Start of Extracted entries

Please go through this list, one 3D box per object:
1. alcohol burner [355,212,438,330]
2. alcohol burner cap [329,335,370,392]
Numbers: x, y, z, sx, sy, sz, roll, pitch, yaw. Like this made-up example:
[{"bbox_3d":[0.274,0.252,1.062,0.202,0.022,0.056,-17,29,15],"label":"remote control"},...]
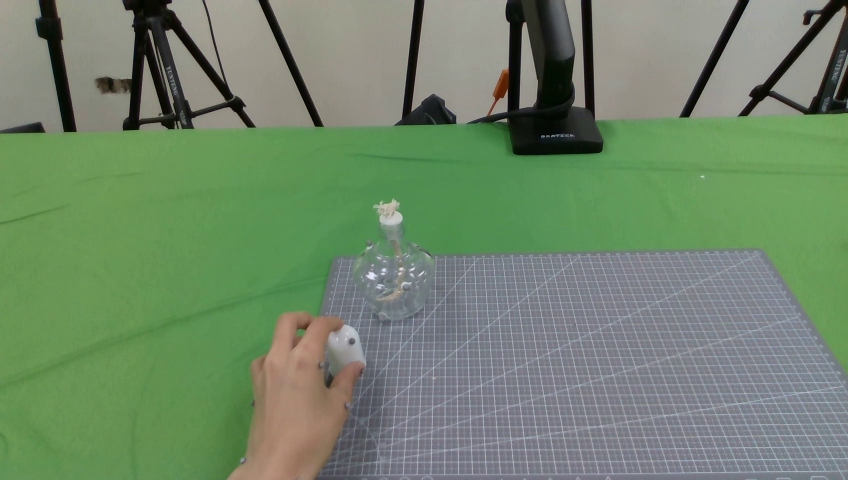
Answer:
[{"bbox_3d":[-0.026,0.024,0.552,0.078,0.120,0.077,-1,38,1],"label":"alcohol burner"},{"bbox_3d":[-0.064,0.101,0.510,0.034,0.048,0.033,-2,37,1],"label":"alcohol burner cap"}]

End of Extracted entries

Problem statement: Give, as a single number, the count of lines in the material above that contain the string "this".

Solved exercise: 2